Carl Amery

DPA/MARTIN GERTEN

Gedanken für den Tag

Cornelius Hell über: Wie kam der Tod in die Welt?

"Zorn und Gelächter" - Zum 100. Geburtstag des Schriftstellers Carl Amery
von Cornelius Hell, Literaturkritiker und Übersetzer

"Der Tod ist ein Skandal." Diesem Satz von Elias Canetti habe ich lange zugestimmt - und mich gewundert, warum es fast alle so widerspruchslos zu akzeptieren scheinen, dass wir sterben müssen. "Niemand hätte je sterben dürfen", notierte Canetti schon 1951.
Die Religionen versuchen, dem Skandal des Todes einen Sinn zu geben. Das Christentum hat eine klassische Erklärung: Der Tod ist die Folge der Sünde. Im Paradies kannten Adam und Eva den Tod nicht. Das ideale Leben wäre also ein Leben ohne Tod. Wie so oft im Christentum - für mich allzu oft - ist wieder einmal der Mensch an allem schuld: Durch die Sünde hat er den Tod verursacht.

Vor ziemlich vielen Jahren habe ich mit Carl Amery über diese christliche Sicht des Todes gesprochen. Und zu meinem Erstaunen hatte für ihn schon die Frage, warum wir denn sterben müssen, etwas Absurdes. Er sagte mir:
Wenn da ein Satz kommt wie "Wie kam der Tod in die Welt?" und das als Folge des Bösen gesehen wird, dann kann ich als biologisch einigermaßen gebildeter Mensch nur sagen: Entschuldigung, aber der Tod ist eine Verkehrsform des Lebens. Wo gäbe es Jugend, wo gäbe es Wiederbelebung in irgendeiner Form ohne den Tod, der vorhergeht?
Als Carl Amery im Mai 2005 gestorben ist, fielen mir diese Sätze von ihm wieder ein und waren mir ein Trost in der Trauer um ihn. Als gut fünf Jahre später meine Mutter gestorben ist, haben mir diese Sätze auch geholfen - zusammen mit der Einsicht, dass das Leben für meine bettlägerige und immer schwächer werdende Mutter am Schluss doch immer mühsamer wurde.

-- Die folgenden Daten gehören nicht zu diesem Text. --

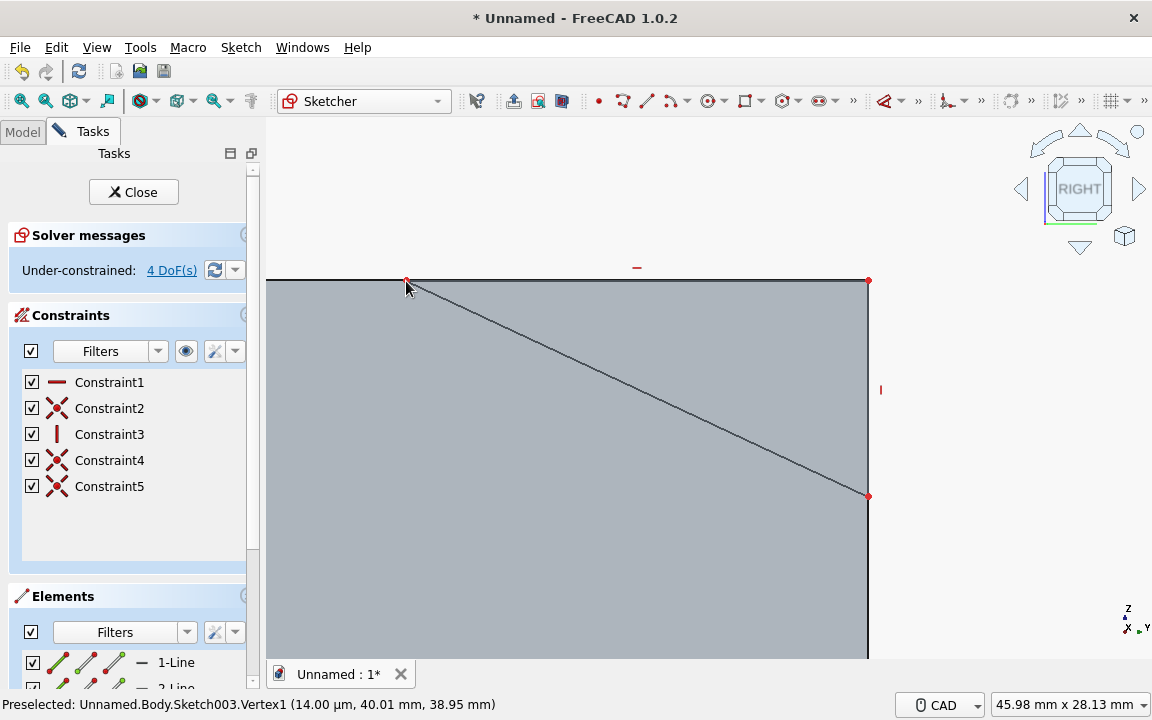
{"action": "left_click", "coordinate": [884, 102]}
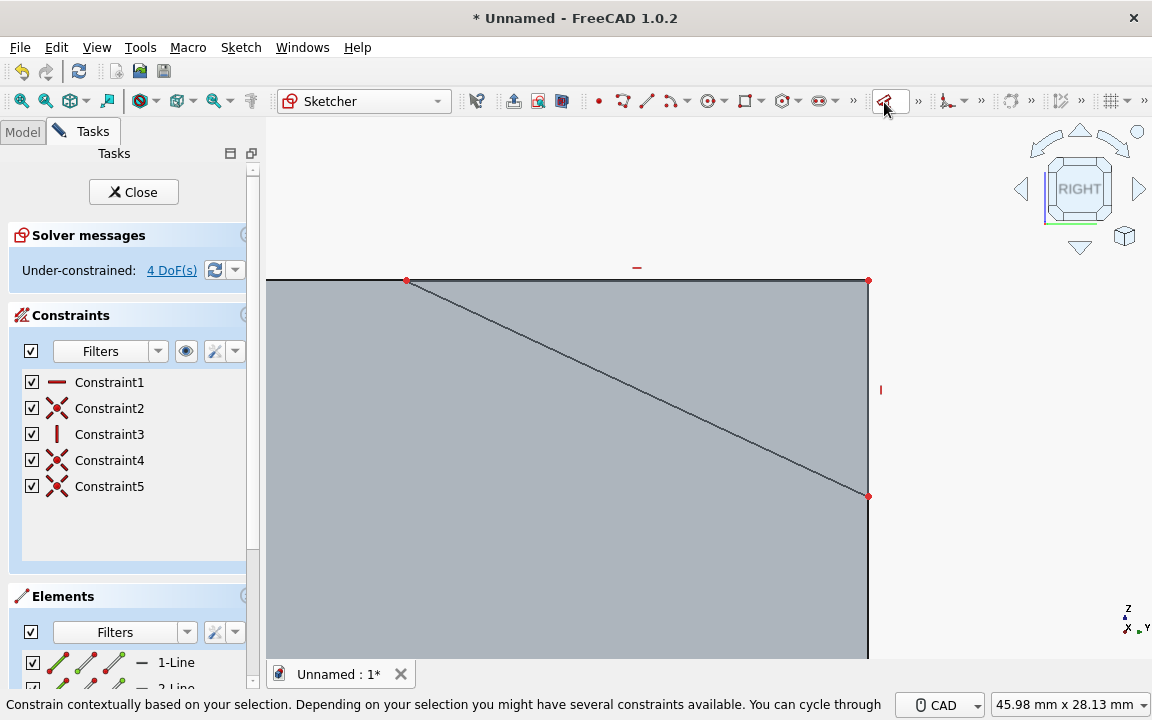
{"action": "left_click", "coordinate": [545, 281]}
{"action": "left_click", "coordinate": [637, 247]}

"Der Tod ist eine Verkehrsform des Lebens." Irgendwann wird er auch mich einholen. Meine vier Kinder erleichtern mir diese Einsicht - weil in ihnen etwas von mir weiterlebt; und sie doch etwas ganz Neues daraus machen. Wenn sie schneller werden als ich, wenn sie Dinge können und wissen, die ich nicht kenne, zeigen sie mir, dass mein Leben langsam abnimmt und ihres wächst. Carl Amery hatte fünf Kinder - er muss wohl ähnliche Erfahrungen gemacht haben. Jedenfalls nimmt sein Satz dem Tod etwas von seinem Schrecken: "Der Tod ist eine Verkehrsform des Lebens."

Service

Zusatzinfo:
In den Sendungen erwähnte Werke von Carl Amery:

Romane:
- Durchbruch ins dunkle Glück. Die Romane "Die Wallfahrer" und "Das Geheimnis der Krypta". Luchterhand Literaturverlag 2022.
- An den Feuern der Leyermark (Im Buchhandel nicht mehr erhältlich)

Essays:
- Global Exit. Die Kirchen und der Totale Markt. btb-Taschenbuch 2004
- Die Kapitulation oder Deutscher Katholizismus heute (Im Buchhandel nicht mehr erhältlich)
- Das Ende der Vorsehung. Die gnadenlosen Folgen des Christentums (Im Buchhandel nicht mehr erhältlich)
- Natur als Politik. Die ökologische Chance des Menschen (Im Buchhandel nicht mehr erhältlich)
- Bileams Esel. Konservative Aufsätze (Im Buchhandel nicht mehr erhältlich)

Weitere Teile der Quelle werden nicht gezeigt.